O filme de 1959 é até hoje o maior ganhador de Oscars, com 11 estatuetas, considerado um dos maiores épicos já feitos no cinema, mas a premissa atual de Hollywood em promover “atualizações” levou a uma inevitável retomada da história de “Ben-Hur”, motivada também pela recente onda de produções religiosas com bons resultados de bilheteria (“Noé e “Êxodo: Deuses e Reis”).
Os realizadores sabiam que dificilmente conseguiriam superar um trabalho tão impressionante, dirigido por William Wyler, e deixaram claro que o viés seria bem outro, baseado na ação, ao optaram pelo cazaque Timur Bekmambetov, e numa trama mais enxuta, mais próxima aos elementos religiosos que resultariam na dobradinha violência e emoção, a catarse alcançada pela dor e pelo alívio.
O jogo com o espectador se dá desta forma: primeiramente, duas horas de violência extrema, de retirada de toda a dignidade de uma pessoa comum, mais emblemática por ter Ben-Hur uma origem nobre, perfazendo uma leitura elitista sobre continuidade de linhagens – o protagonista pensa diferente de outros escravizados pelo Império Romano por sua educação refinada, com conhecimentos diversos.
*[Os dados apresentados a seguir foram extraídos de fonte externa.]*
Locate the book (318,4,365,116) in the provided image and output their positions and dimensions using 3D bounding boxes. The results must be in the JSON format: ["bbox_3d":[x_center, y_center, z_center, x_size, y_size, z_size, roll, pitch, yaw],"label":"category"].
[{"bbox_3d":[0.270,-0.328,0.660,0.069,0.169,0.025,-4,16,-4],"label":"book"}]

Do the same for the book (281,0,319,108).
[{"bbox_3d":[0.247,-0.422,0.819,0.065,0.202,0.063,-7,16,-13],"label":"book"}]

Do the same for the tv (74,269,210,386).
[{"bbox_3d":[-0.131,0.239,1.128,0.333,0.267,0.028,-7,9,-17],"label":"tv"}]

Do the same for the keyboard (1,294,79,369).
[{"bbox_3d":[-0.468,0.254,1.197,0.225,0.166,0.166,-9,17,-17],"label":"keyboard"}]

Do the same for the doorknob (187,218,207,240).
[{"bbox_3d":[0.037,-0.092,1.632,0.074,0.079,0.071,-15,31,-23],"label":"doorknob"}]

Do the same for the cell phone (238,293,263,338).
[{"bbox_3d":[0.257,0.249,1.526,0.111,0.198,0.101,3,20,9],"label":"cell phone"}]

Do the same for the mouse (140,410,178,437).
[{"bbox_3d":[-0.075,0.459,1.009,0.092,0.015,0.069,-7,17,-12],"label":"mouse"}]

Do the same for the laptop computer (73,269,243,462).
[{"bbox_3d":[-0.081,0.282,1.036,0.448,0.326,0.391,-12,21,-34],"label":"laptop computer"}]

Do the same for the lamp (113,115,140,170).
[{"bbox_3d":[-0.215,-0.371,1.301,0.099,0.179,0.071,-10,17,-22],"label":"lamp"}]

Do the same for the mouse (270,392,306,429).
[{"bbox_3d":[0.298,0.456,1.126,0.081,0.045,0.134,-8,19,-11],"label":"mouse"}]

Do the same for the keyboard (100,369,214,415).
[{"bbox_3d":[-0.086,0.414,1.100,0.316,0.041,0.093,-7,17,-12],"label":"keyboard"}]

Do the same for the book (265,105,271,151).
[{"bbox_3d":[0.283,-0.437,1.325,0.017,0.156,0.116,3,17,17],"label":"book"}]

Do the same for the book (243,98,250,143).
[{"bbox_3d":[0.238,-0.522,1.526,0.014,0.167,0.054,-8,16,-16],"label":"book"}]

Ele só se salva, em duas oportunidades, por ter acesso a essas habilidades, reforçadas no contraste com os demais escravos, mostrados como semivivos – abordagem feita por Timur no fantasioso “Guardiões da Noite” (2004), que tinha bruxas, vampiros e seres metamórficos em seu enredo. Alguém tão sagaz só surge na forma de outro príncipe, um africano, que se une a Ben-Hur no desejo de vingança.
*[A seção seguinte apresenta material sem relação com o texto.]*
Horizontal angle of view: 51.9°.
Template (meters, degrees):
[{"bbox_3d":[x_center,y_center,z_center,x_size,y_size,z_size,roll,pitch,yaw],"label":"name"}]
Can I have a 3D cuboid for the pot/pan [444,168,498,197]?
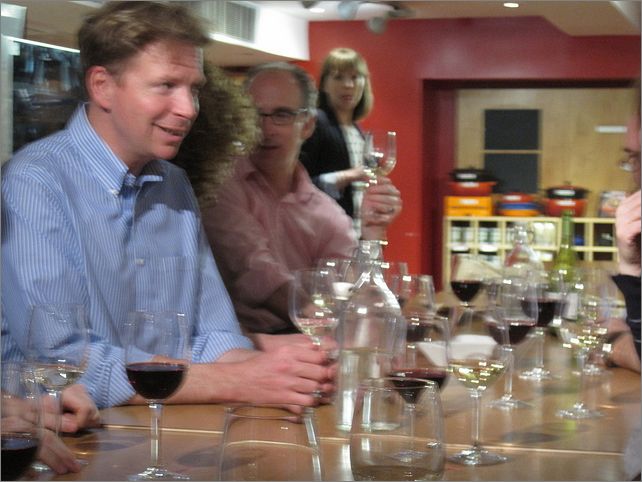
[{"bbox_3d":[1.422,-0.535,6.254,0.374,0.181,0.310,1,1,5],"label":"pot/pan"}]

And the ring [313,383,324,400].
[{"bbox_3d":[-0.003,0.321,1.385,0.026,0.022,0.024,2,-18,1],"label":"ring"}]

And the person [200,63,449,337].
[{"bbox_3d":[0.102,-0.113,3.056,0.883,1.594,0.989,2,-5,-38],"label":"person"}]

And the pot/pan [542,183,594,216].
[{"bbox_3d":[2.269,-0.372,6.216,0.415,0.297,0.414,-1,2,-37],"label":"pot/pan"}]

Depois que ele é consumado, na famosa sequência de bigas, a trama imediatamente estabelece a ideia de perdão. O vencedor ofereceria outro “castigo”, que é não alimentar mais nenhum ódio pelo inimigo. E isso só acontece quando Ben-Hur é despertado pelo sofrimento de Jesus, ao ser crucificado para salvar todos nós. Herói na arena, ele também triunfa moralmente ao receber seu meio-irmão, um ex-capitão romano.
Da violência extrema à sublime bondade, o que falta é justamente esses tons de cinza que vão de uma ponta à outra, o que faz do roteiro algo superficial, quase novelesco, a ponto de os críticos o compararem ao brasileiro “Dez Mandamentos”. Essa estética não está apenas na falta de profundidade, mas também em sua linguagem: os momentos em que não há a predominância da ação, com o embate verbal, são constrangedores.
Uso constante de plano e contraplano, a busca de uma expressividade nos rostos que finalize uma cena, trilha sonora redundante e um texto que não confia na capacidade do diretor em preencher os silêncios com força dramatúrgica. Os atores são mal conduzidos, destoando uns dos outros. Morgan Freeman segue em piloto automático e Rodrigo Santoro exibe um didático Jesus Cristo.
No final das contas, “Ben-Hur” só parece se justificar pela corrida de bigas, mais impactante por conta da tecnologia de hoje. Também há uma ótima cena de ação no mar, quando um confronto entre romanos e gregos é acompanhado pela ótica dos remadores das galés. Em outros quesitos, porém, Timur não é Ridley Scott ou Darren Aronofsky, diretores de “Êxodo” e “Noé”, cujas qualidades extrapolam os efeitos especiais.